§ Assigned task
A complete answer includes every line below with the word "section".

§ Provided data
================
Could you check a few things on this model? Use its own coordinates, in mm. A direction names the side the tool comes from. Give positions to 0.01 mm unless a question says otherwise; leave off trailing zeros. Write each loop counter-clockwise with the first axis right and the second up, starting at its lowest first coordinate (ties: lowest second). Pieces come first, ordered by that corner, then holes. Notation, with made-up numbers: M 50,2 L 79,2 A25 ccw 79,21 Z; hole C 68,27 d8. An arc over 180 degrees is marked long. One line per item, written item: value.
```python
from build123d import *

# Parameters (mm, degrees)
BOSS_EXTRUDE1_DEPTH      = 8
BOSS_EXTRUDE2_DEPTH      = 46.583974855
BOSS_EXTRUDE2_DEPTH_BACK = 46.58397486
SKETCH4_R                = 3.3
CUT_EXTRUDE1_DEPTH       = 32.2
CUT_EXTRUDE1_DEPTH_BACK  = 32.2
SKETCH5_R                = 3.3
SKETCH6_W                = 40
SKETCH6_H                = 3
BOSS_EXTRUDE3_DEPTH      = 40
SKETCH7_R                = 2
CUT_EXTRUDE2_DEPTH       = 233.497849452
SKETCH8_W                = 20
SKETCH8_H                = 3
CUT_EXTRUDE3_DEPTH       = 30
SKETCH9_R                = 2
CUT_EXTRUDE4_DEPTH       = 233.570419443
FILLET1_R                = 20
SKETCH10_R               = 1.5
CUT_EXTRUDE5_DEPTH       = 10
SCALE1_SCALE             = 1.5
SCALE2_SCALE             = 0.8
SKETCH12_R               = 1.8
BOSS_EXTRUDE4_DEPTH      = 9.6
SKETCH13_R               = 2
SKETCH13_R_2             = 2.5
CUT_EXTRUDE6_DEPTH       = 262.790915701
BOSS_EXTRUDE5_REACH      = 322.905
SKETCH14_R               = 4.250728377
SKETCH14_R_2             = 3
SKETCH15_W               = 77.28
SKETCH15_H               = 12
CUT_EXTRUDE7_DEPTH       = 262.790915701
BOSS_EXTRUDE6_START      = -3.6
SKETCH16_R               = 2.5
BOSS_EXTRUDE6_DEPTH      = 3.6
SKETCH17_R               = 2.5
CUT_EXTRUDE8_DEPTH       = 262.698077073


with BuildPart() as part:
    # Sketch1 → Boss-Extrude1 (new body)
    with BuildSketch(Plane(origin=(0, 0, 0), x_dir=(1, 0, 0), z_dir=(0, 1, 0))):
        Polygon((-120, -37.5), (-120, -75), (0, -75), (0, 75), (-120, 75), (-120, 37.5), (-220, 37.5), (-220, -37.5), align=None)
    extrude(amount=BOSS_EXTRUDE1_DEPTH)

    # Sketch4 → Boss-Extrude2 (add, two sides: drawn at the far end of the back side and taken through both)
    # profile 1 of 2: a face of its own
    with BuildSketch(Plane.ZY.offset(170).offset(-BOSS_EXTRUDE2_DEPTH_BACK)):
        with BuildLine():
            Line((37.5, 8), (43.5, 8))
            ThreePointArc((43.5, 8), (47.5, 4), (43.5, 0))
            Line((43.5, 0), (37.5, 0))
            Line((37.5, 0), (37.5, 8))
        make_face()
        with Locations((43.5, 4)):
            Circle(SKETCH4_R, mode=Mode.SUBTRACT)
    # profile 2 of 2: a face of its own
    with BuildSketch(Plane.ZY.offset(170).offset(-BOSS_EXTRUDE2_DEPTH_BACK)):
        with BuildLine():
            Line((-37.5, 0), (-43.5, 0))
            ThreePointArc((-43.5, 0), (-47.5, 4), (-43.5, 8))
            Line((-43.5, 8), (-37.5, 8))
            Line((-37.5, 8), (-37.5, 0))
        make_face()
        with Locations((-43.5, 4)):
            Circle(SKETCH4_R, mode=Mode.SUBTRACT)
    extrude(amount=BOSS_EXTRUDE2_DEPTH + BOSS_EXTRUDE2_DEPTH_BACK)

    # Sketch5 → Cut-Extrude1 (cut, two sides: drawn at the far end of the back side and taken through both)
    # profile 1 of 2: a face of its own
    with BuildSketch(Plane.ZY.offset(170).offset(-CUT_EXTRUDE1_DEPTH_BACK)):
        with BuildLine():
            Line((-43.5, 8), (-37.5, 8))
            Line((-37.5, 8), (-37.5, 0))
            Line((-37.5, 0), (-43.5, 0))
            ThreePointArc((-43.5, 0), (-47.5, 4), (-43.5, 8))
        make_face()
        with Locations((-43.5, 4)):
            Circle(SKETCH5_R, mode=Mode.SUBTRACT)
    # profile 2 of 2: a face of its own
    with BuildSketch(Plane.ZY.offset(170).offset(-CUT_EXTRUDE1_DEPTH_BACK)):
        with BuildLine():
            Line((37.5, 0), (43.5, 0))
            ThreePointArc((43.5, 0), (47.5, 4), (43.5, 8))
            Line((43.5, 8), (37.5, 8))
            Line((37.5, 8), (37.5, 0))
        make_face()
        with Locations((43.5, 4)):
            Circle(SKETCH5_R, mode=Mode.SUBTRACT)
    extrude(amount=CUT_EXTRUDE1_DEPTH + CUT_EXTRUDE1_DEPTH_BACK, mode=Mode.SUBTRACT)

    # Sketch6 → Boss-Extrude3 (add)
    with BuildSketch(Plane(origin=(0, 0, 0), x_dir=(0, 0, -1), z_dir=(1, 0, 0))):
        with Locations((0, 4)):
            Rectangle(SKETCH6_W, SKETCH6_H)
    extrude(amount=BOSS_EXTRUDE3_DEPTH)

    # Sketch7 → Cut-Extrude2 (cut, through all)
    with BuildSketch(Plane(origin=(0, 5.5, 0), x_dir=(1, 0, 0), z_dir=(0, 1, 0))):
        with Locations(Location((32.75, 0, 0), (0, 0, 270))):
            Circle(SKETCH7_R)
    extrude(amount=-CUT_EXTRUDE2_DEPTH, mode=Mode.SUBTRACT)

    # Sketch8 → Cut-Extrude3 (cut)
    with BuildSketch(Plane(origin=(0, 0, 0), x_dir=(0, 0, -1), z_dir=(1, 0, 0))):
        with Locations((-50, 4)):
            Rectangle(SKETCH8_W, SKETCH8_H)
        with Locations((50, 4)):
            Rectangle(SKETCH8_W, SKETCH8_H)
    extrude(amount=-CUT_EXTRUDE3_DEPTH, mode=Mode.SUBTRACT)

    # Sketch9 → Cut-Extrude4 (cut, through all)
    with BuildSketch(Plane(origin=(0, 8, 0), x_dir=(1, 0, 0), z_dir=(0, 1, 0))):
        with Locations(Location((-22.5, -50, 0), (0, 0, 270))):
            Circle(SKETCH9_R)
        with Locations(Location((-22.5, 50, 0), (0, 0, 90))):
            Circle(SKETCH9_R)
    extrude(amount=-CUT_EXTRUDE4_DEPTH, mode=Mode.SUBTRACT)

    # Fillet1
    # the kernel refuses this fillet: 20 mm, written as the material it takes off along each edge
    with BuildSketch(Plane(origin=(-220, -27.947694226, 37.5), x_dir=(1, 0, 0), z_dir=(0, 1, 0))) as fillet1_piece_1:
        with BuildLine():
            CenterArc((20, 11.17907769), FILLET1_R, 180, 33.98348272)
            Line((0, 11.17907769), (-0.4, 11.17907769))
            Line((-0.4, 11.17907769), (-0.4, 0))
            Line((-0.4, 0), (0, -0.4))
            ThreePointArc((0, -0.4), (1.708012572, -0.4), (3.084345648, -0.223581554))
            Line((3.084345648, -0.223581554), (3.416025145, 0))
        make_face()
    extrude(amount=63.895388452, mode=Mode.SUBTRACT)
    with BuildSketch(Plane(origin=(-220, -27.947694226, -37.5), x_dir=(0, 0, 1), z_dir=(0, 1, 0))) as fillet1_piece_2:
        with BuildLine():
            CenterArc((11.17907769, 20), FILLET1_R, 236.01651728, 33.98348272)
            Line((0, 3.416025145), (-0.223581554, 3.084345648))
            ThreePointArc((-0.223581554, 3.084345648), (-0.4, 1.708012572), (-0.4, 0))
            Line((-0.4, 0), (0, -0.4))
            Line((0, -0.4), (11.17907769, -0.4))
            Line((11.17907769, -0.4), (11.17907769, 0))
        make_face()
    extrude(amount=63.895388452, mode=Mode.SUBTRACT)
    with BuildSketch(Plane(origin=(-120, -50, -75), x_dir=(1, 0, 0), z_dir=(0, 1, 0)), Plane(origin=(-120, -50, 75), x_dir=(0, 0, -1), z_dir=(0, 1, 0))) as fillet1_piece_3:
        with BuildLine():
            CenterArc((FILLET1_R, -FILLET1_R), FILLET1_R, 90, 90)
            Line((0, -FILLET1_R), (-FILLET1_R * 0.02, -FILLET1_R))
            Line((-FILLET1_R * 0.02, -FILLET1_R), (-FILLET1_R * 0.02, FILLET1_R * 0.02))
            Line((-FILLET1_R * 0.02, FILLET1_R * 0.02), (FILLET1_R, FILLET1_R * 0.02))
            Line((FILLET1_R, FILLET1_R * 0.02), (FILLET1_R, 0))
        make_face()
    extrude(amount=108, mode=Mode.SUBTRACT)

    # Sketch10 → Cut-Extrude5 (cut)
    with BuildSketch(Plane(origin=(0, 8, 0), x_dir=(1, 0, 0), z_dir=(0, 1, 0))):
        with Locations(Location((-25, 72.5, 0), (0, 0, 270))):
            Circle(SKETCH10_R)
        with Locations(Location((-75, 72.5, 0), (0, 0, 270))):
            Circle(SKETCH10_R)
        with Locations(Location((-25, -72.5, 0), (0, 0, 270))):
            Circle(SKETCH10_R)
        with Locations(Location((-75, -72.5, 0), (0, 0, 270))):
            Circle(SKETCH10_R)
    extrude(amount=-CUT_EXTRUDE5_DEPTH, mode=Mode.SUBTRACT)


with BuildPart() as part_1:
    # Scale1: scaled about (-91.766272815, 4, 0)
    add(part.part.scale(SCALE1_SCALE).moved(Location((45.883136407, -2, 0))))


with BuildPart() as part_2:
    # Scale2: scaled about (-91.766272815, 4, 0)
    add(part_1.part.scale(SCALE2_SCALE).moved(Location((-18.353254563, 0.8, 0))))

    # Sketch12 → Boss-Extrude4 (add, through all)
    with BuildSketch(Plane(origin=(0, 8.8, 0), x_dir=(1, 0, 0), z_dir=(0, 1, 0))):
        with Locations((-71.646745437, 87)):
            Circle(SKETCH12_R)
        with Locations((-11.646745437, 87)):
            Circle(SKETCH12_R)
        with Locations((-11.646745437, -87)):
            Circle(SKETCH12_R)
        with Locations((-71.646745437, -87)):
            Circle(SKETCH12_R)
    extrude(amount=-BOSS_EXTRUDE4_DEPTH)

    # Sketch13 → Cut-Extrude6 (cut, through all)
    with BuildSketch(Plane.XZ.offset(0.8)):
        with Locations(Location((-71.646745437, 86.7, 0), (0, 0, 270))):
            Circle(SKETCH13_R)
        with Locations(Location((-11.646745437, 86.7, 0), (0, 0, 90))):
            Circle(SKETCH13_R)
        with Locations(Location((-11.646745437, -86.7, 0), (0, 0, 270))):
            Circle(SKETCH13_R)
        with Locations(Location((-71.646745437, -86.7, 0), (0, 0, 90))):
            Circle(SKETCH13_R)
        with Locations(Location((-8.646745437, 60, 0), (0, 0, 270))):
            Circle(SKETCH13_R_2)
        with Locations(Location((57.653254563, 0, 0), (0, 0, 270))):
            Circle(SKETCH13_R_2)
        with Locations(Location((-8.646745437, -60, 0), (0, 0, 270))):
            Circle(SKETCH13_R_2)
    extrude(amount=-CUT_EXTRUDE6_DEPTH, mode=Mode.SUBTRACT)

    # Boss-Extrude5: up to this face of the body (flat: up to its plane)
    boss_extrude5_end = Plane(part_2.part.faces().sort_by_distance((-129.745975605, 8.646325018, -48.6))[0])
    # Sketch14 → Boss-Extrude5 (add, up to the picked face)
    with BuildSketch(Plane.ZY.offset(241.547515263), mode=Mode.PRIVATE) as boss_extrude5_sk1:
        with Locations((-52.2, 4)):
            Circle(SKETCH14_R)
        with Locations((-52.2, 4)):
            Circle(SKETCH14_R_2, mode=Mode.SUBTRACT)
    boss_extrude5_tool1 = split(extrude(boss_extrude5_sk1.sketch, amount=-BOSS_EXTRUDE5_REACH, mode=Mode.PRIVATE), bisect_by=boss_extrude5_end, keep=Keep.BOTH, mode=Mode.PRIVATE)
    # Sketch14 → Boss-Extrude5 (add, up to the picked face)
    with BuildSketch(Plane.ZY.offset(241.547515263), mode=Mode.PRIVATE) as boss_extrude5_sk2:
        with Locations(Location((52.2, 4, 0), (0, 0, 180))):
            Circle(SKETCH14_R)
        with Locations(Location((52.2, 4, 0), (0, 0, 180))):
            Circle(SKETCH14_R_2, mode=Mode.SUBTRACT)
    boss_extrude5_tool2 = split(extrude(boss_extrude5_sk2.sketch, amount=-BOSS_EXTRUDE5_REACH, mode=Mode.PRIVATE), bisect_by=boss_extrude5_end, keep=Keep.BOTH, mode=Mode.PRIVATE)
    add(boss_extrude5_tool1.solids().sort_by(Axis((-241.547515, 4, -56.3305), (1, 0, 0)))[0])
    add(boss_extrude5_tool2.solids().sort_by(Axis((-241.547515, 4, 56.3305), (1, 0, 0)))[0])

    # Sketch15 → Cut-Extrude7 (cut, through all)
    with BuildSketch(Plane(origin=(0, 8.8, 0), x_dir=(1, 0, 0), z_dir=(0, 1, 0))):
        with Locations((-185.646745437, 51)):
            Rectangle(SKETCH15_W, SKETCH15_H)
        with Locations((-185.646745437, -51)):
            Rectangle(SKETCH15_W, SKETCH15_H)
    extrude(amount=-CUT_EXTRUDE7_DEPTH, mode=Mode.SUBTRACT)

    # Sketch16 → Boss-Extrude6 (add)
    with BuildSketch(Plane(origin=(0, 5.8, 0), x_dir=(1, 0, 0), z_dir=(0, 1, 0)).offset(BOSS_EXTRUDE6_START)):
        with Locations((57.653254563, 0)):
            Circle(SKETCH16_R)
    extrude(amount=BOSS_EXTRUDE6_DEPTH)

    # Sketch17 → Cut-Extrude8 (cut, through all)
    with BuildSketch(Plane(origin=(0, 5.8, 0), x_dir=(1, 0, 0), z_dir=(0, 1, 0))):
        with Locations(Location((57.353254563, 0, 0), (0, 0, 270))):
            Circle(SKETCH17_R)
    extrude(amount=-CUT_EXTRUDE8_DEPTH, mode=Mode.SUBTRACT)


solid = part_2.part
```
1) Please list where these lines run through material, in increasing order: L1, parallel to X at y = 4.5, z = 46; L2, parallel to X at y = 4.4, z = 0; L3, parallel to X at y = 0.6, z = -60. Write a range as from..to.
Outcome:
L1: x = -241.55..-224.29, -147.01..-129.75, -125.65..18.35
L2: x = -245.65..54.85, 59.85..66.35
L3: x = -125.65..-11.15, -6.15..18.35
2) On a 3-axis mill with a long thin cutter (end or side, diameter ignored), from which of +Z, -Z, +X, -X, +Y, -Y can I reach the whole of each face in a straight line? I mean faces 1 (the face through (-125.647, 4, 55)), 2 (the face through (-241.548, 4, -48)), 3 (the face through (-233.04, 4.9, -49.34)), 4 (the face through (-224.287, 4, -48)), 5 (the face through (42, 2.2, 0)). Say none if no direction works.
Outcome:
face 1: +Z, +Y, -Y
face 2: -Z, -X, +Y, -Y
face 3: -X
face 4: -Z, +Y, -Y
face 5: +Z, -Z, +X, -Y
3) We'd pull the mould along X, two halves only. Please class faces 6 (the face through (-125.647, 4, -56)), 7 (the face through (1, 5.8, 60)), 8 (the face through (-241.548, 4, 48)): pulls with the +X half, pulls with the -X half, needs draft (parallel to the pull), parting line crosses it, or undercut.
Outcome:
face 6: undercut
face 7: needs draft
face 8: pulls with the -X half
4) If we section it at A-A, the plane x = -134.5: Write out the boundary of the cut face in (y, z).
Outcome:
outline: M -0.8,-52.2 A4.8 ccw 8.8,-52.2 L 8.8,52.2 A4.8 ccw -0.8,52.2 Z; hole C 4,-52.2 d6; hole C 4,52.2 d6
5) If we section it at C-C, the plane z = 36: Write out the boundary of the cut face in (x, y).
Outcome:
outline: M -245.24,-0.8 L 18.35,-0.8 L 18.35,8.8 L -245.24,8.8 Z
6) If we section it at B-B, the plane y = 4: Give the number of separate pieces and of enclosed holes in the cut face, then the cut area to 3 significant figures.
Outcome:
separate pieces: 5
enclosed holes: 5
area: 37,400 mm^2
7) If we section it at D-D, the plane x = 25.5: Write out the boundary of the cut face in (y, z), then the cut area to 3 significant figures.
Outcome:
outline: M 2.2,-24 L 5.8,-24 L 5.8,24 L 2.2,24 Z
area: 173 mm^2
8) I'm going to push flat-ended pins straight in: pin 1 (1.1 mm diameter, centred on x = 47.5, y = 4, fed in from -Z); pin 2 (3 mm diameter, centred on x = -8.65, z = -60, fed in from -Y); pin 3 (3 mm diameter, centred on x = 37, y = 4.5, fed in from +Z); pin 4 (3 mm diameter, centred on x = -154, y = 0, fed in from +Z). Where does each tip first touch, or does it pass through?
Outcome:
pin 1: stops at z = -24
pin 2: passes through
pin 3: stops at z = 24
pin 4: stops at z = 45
================
§ Result for this exercise
4) If we section it at A-A, the plane x = -134.5: Write out the boundary of the cut face in (y, z).
5) If we section it at C-C, the plane z = 36: Write out the boundary of the cut face in (x, y).
6) If we section it at B-B, the plane y = 4: Give the number of separate pieces and of enclosed holes in the cut face, then the cut area to 3 significant figures.
7) If we section it at D-D, the plane x = 25.5: Write out the boundary of the cut face in (y, z), then the cut area to 3 significant figures.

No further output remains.